▶ _Aim of the exercise_
Repeat the entries shown below with every word and mark intact.

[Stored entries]
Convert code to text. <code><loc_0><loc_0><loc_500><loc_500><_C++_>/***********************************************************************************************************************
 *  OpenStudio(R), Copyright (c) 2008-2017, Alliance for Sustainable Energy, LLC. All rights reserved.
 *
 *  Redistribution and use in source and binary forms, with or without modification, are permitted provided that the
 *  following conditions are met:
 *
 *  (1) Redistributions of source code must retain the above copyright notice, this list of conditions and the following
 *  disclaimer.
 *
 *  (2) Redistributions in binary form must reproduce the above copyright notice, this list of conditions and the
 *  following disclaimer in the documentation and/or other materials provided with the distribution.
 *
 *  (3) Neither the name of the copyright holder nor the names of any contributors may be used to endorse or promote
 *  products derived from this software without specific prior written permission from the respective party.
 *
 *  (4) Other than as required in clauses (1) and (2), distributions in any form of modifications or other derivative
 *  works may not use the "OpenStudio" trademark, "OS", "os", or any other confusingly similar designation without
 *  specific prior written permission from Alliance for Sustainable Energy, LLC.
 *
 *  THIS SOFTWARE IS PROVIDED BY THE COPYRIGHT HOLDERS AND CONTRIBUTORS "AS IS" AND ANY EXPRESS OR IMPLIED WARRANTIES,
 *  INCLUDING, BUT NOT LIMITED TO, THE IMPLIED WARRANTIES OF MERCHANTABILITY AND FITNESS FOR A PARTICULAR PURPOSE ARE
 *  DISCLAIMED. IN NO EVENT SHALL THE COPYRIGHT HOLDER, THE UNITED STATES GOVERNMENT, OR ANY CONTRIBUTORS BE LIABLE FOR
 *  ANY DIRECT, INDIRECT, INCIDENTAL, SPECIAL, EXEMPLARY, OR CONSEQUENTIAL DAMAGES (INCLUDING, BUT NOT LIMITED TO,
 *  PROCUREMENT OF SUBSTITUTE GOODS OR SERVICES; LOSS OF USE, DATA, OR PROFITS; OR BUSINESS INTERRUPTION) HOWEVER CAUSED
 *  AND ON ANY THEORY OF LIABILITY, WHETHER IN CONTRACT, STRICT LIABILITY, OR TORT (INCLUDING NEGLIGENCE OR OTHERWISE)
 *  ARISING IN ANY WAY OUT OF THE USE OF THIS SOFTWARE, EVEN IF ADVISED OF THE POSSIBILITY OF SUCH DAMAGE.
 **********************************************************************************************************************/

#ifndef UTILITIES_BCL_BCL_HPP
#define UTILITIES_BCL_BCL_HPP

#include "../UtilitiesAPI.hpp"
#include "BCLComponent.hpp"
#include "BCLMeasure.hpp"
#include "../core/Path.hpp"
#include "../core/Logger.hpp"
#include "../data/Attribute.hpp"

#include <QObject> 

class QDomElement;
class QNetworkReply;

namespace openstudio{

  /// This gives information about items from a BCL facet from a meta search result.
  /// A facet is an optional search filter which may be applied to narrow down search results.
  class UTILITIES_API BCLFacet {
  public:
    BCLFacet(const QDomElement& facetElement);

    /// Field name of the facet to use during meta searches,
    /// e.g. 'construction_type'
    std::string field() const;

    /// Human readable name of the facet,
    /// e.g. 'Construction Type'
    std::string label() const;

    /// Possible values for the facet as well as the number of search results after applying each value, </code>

▶ _Response box_
Convert code to text. <code><loc_0><loc_0><loc_500><loc_500><_C++_>/***********************************************************************************************************************
 *  OpenStudio(R), Copyright (c) 2008-2017, Alliance for Sustainable Energy, LLC. All rights reserved.
 *
 *  Redistribution and use in source and binary forms, with or without modification, are permitted provided that the
 *  following conditions are met:
 *
 *  (1) Redistributions of source code must retain the above copyright notice, this list of conditions and the following
 *  disclaimer.
 *
 *  (2) Redistributions in binary form must reproduce the above copyright notice, this list of conditions and the
 *  following disclaimer in the documentation and/or other materials provided with the distribution.
 *
 *  (3) Neither the name of the copyright holder nor the names of any contributors may be used to endorse or promote
 *  products derived from this software without specific prior written permission from the respective party.
 *
 *  (4) Other than as required in clauses (1) and (2), distributions in any form of modifications or other derivative
 *  works may not use the "OpenStudio" trademark, "OS", "os", or any other confusingly similar designation without
 *  specific prior written permission from Alliance for Sustainable Energy, LLC.
 *
 *  THIS SOFTWARE IS PROVIDED BY THE COPYRIGHT HOLDERS AND CONTRIBUTORS "AS IS" AND ANY EXPRESS OR IMPLIED WARRANTIES,
 *  INCLUDING, BUT NOT LIMITED TO, THE IMPLIED WARRANTIES OF MERCHANTABILITY AND FITNESS FOR A PARTICULAR PURPOSE ARE
 *  DISCLAIMED. IN NO EVENT SHALL THE COPYRIGHT HOLDER, THE UNITED STATES GOVERNMENT, OR ANY CONTRIBUTORS BE LIABLE FOR
 *  ANY DIRECT, INDIRECT, INCIDENTAL, SPECIAL, EXEMPLARY, OR CONSEQUENTIAL DAMAGES (INCLUDING, BUT NOT LIMITED TO,
 *  PROCUREMENT OF SUBSTITUTE GOODS OR SERVICES; LOSS OF USE, DATA, OR PROFITS; OR BUSINESS INTERRUPTION) HOWEVER CAUSED
 *  AND ON ANY THEORY OF LIABILITY, WHETHER IN CONTRACT, STRICT LIABILITY, OR TORT (INCLUDING NEGLIGENCE OR OTHERWISE)
 *  ARISING IN ANY WAY OUT OF THE USE OF THIS SOFTWARE, EVEN IF ADVISED OF THE POSSIBILITY OF SUCH DAMAGE.
 **********************************************************************************************************************/

#ifndef UTILITIES_BCL_BCL_HPP
#define UTILITIES_BCL_BCL_HPP

#include "../UtilitiesAPI.hpp"
#include "BCLComponent.hpp"
#include "BCLMeasure.hpp"
#include "../core/Path.hpp"
#include "../core/Logger.hpp"
#include "../data/Attribute.hpp"

#include <QObject> 

class QDomElement;
class QNetworkReply;

namespace openstudio{

  /// This gives information about items from a BCL facet from a meta search result.
  /// A facet is an optional search filter which may be applied to narrow down search results.
  class UTILITIES_API BCLFacet {
  public:
    BCLFacet(const QDomElement& facetElement);

    /// Field name of the facet to use during meta searches,
    /// e.g. 'construction_type'
    std::string field() const;

    /// Human readable name of the facet,
    /// e.g. 'Construction Type'
    std::string label() const;

    /// Possible values for the facet as well as the number of search results after applying each value, </code>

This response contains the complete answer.